In a recent blog post, we saw how we can use data to define a semantic space for covid-19-related papers and get a nice visualisation of that space, like this:
You can see that the coronavirus papers (which come from the CORD-19 dataset by Semantic Scholar) and the other papers (a random sample of PubMed) occupy quite different regions of the space. That’s good, because it means that we can build a machine-learning classifier to discriminate between those 2 datasets.
That classifier is essentially a tool which can assign a probability that any document in this space is relevant to coronavirus.
You can see that the classifier is good at assigning articles to one class or another. Articles are classified correctly around 93% of the time simply by drawing a line at the 50% mark. But there is some uncertainty. Unfortunately, there is no objective definition for ‘relevant’ and there is no such thing as a perfect classifier.
Here’s a visualisation of the same space, but this time instead of coronavirus papers in red and other literature in green, we are assigning a colour based on probability of being about coronavirus. Red=low probability and yellow = high. (There are actually several shades of orange inbetween, but very few articles fit those categories, so they are not easy to see here!)
Edit: I removed some links to a downloadable version of the visualisation. It’s a large file and so sharing it through S3 was potentially costly. However, you can still make your own using the code in the github repo.

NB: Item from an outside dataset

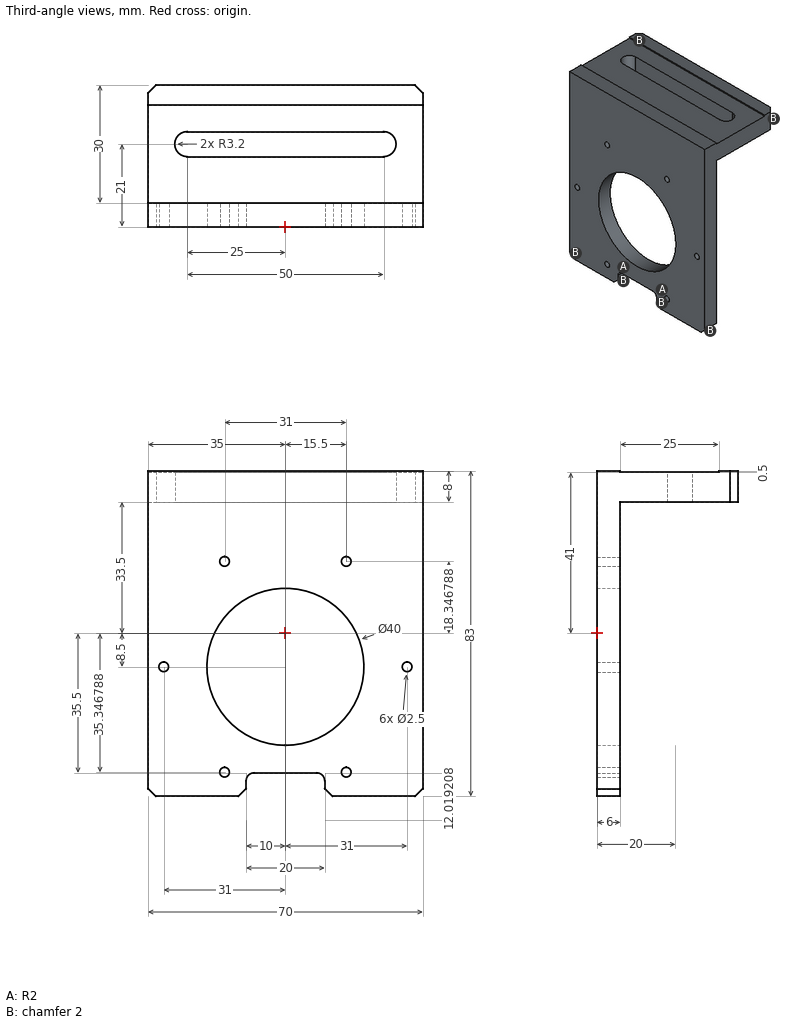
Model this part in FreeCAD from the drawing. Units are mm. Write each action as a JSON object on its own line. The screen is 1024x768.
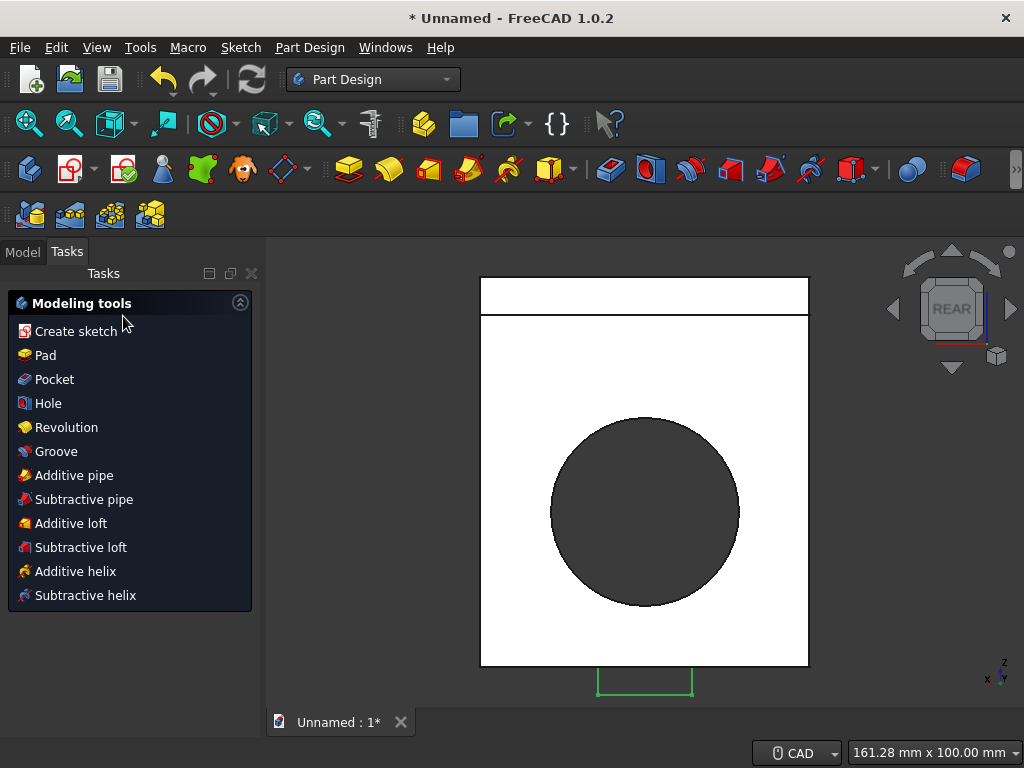
{"action": "left_click", "coordinate": [612, 170]}
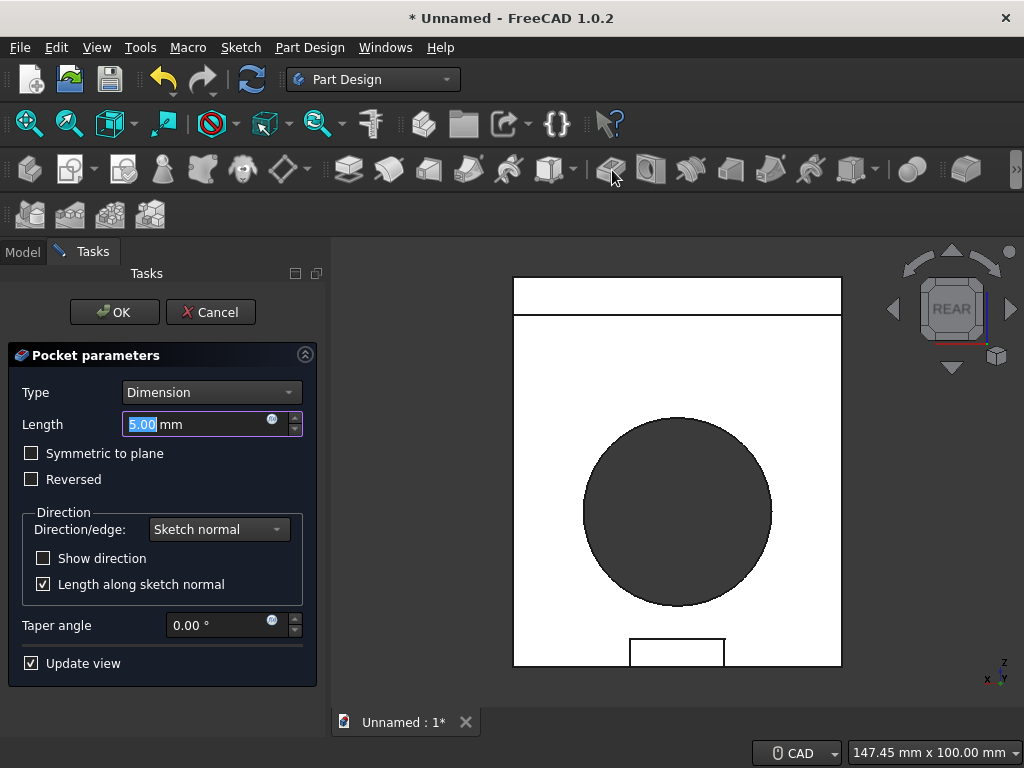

It’s important to not overstate what this classifier can do. ‘Relevance’ is a subjective concept and it depends on your perspective what constitutes a relevant article.
As I’ve said in past blog posts, if you are following research on coronavirus, I recommend using a classifier that will learn what you are interested in (instead of a classifier like this, which just tries to broadly classify everything). Semantic Scholar’s custom feed might be a good choice. It will learn what you like based on how you interact with it.

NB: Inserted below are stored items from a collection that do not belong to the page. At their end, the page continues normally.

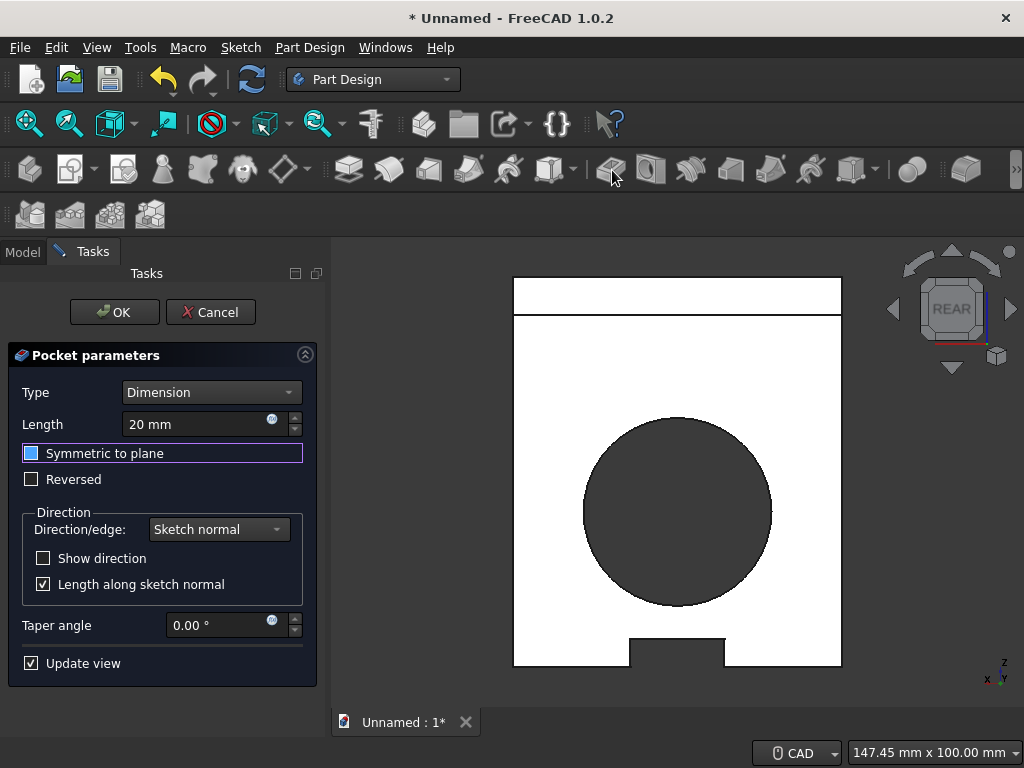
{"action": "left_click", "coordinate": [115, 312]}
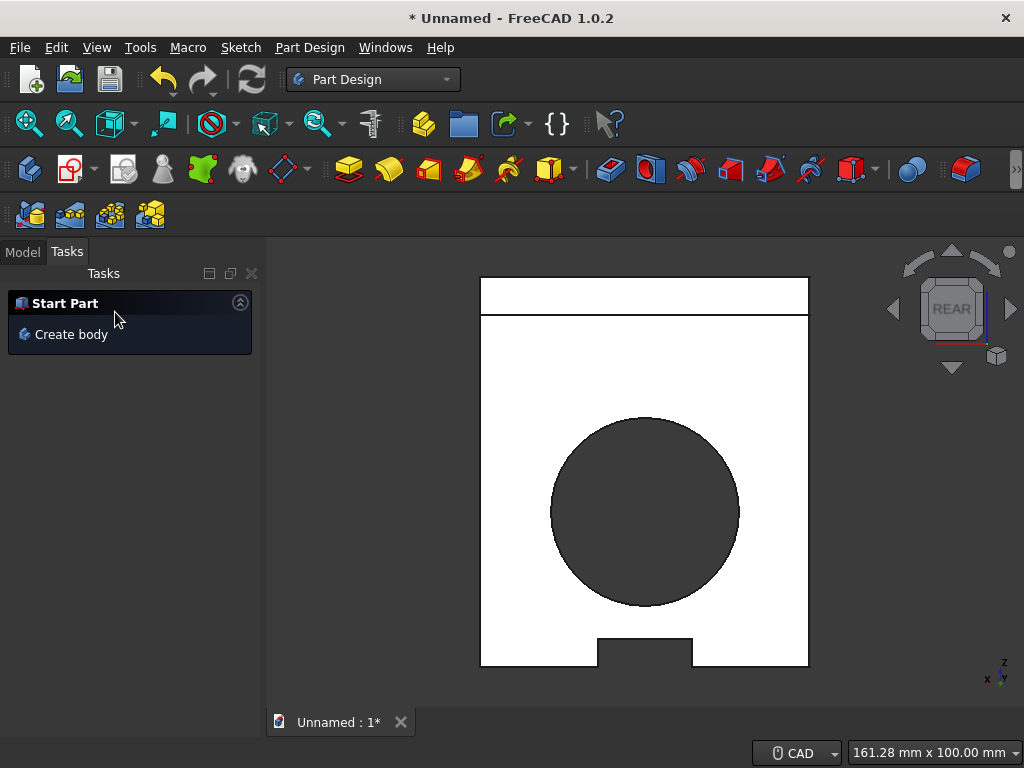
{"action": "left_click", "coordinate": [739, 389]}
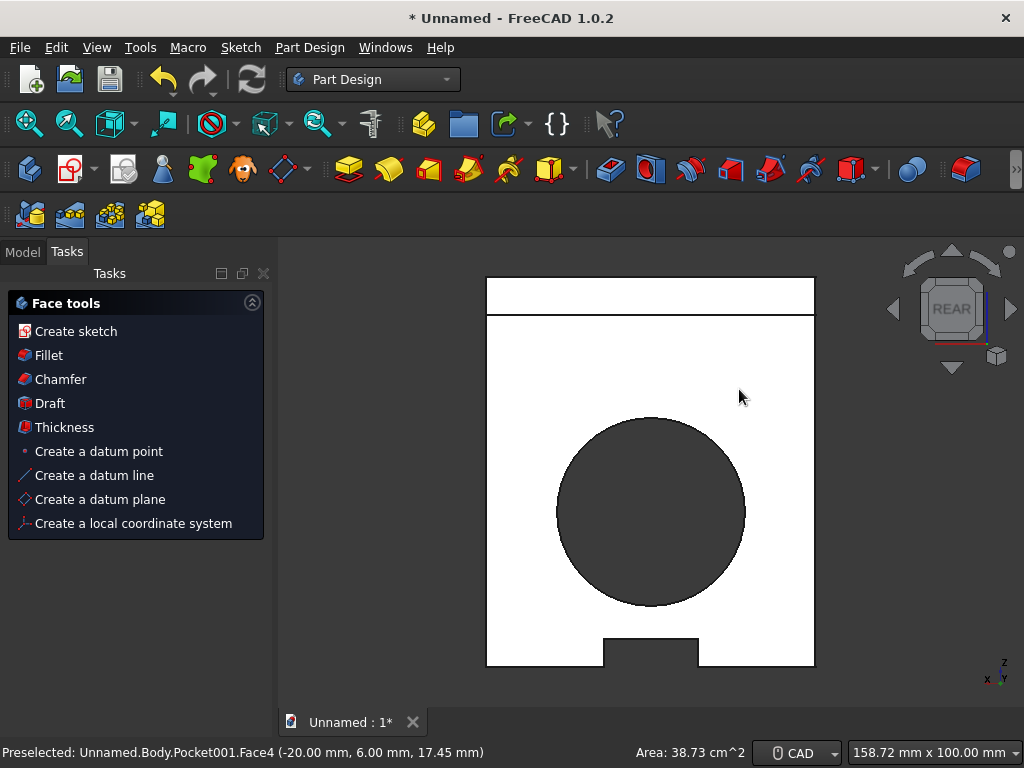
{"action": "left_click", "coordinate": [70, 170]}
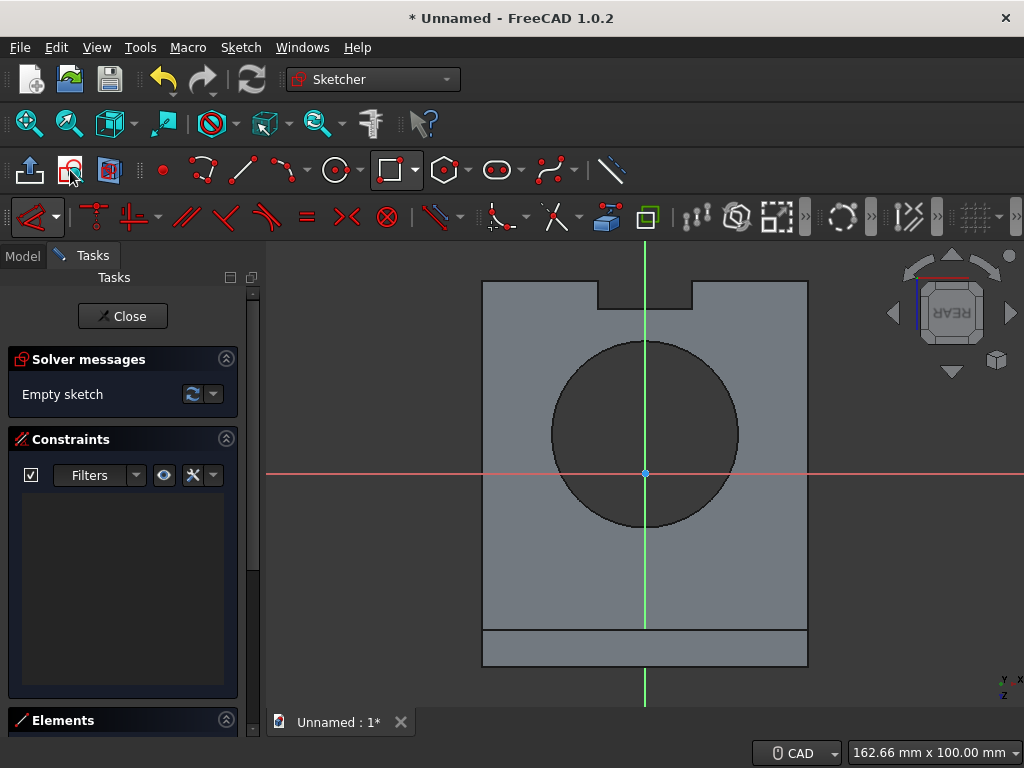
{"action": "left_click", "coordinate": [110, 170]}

What our classifier is really doing is telling us how much an article looks like the CORD-19 dataset COMPARED to a small sample of PubMed articles. With that in mind, it should be clear that if the CORD-19 dataset doesn’t include all relevant articles, and PubMed DOES include relevant articles, then the classifier is going to have some biases.
It would take some successive iteration with a more refined list of related and non-related articles, but I think there’s scope to get a much better classifier if we do. New articles about covid-19 appearing on preprint servers may also be a good source of data to teach our classifier which topics are associated with the virus.
This is also a first-pass. Machine learning is inherently iterative process and there are a few other things — besides improving our data — that we can try which can help us to get better results like trying different classification algorithms, different preprocessing and vectorisation etc.